Pengantar penulis

Menulis itu berat, biar aku saja yang melakukannya. Kalian tinggal baca aja :)


Saya tidak tahu, apakah orang-orang posmo masih yakin terhadap apa yang dinamakan dengan barokah atau tabarukan (ngalap berkah). Sedangkan, setahu saya, santri dari jaman mbah-mbah dulu, hingga sekarang, keyakinannya terhadap barokah itu sangat kuat sekali. Hal-hal yang berbau “barokah” ini yang terkadang seringkali tidak masuk akal. Entah kamu percaya atau tidak dengan apa yang dinamakan barokah itu.

Dulu, sewaktu di pesantren, saya pernah mendengarkan cerita dari teman, dan teman itu mendapatkan cerita—yang konon masih muttasil riwayatnya hingga sampai penyampai pertama.

Ceritanya adalah tentang sosok Simbah KH. M Arwani Amin Said-Kudus, yang pernah nyantri di KH. Muhammad Manshur Popongan-Solo. Jadi ceritanya kira-kira begini seingat saya—bila ada salah cerita, tolong dikoreksi (bagi yang lebih tahu).

Jadi ada tiga santri yang pada waktu itu disuruh/didawuhi oleh Mbah Yai Manshur. “Gus, le, atau cung. Iku tulung pecerene dikuras cah, wong wes kebek.”ujar Mbah Manshur kepada ketiga santrinya itu, yang salah satunya adalah Mbah Arwani.

Nah, jawaban santri pertama, manggut-manggut, tetapi bilang sama Mbah Yai Manshur, “Gih mbah, kulo tak salin rumiyen, dahar-dahar rumiyen supados kiat”. Sementara yang satunya lagi, juga manggut-manggut, “Gih Yai, kulo ganti pakaian rumiyen nggih, niki pakaian taseh resik, suci.”ujarnya. Namun, Mbah Yai Arwani, tanpa basa-basi, langsung saja nyemplung, nguras peceren tersebut, dengan pakaian apa adanya, seketika itu juga.
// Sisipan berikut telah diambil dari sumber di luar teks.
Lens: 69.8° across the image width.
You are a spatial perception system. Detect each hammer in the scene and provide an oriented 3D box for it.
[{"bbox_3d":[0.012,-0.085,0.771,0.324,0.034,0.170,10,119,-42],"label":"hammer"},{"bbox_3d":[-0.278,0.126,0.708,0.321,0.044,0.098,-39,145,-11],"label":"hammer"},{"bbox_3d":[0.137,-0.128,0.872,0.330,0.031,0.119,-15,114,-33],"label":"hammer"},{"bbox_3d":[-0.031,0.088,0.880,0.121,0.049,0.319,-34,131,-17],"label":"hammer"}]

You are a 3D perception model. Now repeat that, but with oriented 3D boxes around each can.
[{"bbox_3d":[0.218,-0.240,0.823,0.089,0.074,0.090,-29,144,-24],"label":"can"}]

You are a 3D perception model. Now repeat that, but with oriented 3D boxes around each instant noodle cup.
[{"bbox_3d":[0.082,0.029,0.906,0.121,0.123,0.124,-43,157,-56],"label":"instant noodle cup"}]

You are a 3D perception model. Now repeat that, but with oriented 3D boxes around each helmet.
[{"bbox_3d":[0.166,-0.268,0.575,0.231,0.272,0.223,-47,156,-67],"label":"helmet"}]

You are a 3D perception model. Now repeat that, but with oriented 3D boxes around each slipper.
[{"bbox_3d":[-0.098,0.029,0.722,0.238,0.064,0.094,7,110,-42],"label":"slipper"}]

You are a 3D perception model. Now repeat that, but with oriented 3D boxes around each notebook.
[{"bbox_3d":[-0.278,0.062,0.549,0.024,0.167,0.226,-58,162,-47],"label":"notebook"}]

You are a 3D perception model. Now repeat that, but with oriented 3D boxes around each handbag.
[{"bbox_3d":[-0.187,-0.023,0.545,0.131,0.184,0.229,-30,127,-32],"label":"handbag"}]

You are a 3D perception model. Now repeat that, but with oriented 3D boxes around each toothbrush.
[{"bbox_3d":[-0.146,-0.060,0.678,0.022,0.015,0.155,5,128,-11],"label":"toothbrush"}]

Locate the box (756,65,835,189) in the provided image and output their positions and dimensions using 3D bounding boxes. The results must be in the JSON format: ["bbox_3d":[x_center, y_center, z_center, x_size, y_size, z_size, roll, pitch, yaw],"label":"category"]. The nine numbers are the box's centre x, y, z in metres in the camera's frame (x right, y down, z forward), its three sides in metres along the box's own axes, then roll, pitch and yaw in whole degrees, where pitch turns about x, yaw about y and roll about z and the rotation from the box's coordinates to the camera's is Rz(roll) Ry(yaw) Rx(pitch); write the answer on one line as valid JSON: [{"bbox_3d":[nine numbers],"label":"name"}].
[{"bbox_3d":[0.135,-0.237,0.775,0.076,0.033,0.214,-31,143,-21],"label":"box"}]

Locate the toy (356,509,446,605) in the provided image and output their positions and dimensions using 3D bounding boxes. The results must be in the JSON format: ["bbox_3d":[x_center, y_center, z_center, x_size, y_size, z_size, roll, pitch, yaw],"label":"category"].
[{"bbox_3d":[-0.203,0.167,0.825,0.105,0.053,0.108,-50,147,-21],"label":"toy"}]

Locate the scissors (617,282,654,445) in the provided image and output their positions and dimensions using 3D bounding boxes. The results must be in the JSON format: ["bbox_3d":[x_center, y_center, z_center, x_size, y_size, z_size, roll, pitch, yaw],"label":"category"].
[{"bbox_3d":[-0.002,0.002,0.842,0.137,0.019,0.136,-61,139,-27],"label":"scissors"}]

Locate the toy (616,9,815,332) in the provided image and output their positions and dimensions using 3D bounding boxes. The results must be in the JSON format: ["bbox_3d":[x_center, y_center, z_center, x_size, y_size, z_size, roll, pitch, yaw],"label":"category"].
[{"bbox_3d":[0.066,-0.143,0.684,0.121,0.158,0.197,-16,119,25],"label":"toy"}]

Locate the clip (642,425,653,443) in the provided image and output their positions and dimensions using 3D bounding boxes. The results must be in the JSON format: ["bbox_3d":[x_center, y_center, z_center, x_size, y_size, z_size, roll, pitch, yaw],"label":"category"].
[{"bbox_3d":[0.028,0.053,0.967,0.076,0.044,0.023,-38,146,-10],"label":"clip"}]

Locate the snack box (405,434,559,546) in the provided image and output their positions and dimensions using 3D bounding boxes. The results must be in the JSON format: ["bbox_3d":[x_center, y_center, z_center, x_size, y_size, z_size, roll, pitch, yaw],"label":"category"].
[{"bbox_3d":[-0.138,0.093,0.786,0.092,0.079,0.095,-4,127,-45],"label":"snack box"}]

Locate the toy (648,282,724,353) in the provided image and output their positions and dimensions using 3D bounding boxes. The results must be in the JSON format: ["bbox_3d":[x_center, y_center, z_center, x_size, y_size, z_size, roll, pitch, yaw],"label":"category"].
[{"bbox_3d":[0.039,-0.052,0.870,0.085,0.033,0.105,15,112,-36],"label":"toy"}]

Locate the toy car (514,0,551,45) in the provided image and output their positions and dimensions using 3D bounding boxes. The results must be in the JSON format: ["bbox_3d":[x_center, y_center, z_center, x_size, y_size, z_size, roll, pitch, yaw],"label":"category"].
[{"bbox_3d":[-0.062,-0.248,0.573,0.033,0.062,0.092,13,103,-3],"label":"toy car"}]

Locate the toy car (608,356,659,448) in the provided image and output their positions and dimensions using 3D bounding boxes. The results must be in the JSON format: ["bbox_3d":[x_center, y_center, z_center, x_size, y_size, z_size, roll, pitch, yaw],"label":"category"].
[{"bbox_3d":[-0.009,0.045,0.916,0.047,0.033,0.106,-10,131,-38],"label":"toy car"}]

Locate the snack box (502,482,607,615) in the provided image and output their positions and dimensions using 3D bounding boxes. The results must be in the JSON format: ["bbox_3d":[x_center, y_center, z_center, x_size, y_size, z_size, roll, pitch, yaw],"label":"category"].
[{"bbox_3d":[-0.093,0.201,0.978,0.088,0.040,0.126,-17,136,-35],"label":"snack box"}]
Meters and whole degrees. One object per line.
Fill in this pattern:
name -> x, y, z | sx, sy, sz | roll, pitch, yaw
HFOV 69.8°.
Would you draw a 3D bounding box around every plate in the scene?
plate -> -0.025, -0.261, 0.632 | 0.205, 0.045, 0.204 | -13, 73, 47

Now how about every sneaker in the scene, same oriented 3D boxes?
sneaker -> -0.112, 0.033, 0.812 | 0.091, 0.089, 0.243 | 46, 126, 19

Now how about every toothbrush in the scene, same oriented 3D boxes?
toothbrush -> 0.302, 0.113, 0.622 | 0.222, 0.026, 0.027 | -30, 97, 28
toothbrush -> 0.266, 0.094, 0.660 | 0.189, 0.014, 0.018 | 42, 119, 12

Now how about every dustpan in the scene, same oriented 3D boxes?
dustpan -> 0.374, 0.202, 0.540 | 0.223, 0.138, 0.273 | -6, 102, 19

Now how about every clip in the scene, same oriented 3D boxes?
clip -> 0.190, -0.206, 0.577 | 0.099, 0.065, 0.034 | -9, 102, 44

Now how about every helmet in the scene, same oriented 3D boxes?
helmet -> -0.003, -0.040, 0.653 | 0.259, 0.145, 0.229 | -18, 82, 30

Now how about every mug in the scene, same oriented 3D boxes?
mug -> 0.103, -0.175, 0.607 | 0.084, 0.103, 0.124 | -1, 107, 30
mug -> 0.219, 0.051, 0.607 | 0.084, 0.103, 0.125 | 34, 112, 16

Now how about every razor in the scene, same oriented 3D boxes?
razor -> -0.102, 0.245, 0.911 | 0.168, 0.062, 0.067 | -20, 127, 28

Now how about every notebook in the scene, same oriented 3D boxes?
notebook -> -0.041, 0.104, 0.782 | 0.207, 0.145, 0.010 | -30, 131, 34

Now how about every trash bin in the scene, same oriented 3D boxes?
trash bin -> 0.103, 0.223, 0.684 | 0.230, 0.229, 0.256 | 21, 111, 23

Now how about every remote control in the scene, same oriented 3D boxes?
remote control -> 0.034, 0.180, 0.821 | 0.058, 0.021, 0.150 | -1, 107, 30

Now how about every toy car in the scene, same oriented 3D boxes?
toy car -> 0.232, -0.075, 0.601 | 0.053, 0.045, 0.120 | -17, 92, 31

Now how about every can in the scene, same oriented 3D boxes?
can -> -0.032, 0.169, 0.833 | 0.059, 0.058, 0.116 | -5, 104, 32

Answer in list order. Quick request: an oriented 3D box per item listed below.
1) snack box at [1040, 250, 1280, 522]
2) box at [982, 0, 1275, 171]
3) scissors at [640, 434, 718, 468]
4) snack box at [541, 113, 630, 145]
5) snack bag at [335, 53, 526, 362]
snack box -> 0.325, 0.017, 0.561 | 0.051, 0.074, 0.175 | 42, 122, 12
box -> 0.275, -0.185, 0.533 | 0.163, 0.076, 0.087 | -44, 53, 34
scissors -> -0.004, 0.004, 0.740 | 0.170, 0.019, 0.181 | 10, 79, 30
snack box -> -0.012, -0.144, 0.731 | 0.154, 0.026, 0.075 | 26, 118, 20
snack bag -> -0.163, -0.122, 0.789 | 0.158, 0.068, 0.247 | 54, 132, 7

Singkat cerita, apa yang dilakukan oleh Mbah Arwani ini lebih disukai oleh beliau, KH. Muhammad Manshur-Popongan. Dan dalam jangka waktu yang singkat, Mbah Arwani dinyatakan lulus, dan diperbolehkan untuk melakukan amalan untuk menjalani Tarekat Naqsyabandiyah, sebagaimana yang menjadi laku suluk Mbah Manshur tersebut. Bahkan konon, salah satu karomah dan kealiman mbah Arwani ini karena mendapatkan barokahnya Mbah Manshur, sewaktu masih nyantri.

Cerita-cerita yang seperti ini di pesantren sangat banyak sekali. Ini contoh kecil yang saya masih mengingatnya.

Dulu, sewaktu awal-awal mondok, yang namanya maknani kitab gundul adalah perjuangan yang sangat berat, apalagi sampai memahami apa isi kitab yang tak berharokat itu. Guru saya pun, tiap kali membabarkan kitab, selalu bilang kepada para santrinya. Terutama santri-santri baru. “wes cah, kitabe angger disemak wae yo opo sing tak woco, gak paham yo lah, gak popo. Sing penting dirungoake, diniati tabarukan karo poro ulama’, sopo ngerti suk-suk awakmu kui paham-paham dewe”. Begitu kurang lebih.

Hal-hal yang seperti inilah yang menarik bagi saya di dunia pesantren. Poin pentingnya adalah; piye carane awakmu kui gelem ngaji. Gimana caranya kamu itu mau belajar. Dan belajar itu butuh proses, tidak kok langsung kamu menjadi pintar, ngalim. Dan barokah itu letaknya di situ.

Ihwal itu berbeda jauh dengan pola pendidikan di zaman posmo seperti saat ini. Era digital menuntut seseorang untuk; sering bertanya apa yang tidak diketahuinya itu lewat Simbah Kiai Google. Lebih instan dan cepat, tinggal klik. Tanpa ada guru, pembimbing yang mengarahkannya. Jadi jangan kaget kalau dewasa ini kemudian muncul orang Islam yang akun-akunan. Seakan-akan dia paham soal agama. Padahal, untuk bisa maknani kitab, bisa ngasih harokat utawi iku-iku, butuh waktu yang panjang dan berdarah-darah, siang malam.

Dan sekarang tinggal memilih. Belajar kepada 'guru' yang instan kemudian tahu dalil-dalil a-z (baik al-qur’an hadis), tanpa tahu mengapa kok bisa begitu, permasalahan dan konteks apa yang sedang dibicarakan? apa latarbelakang dalil itu bisa muncul? atau belajar melalui para guru, melalui para murabbi yang siap membimbing tiada kenal waktu? Dari situlah kualitas seseorang ditentukan.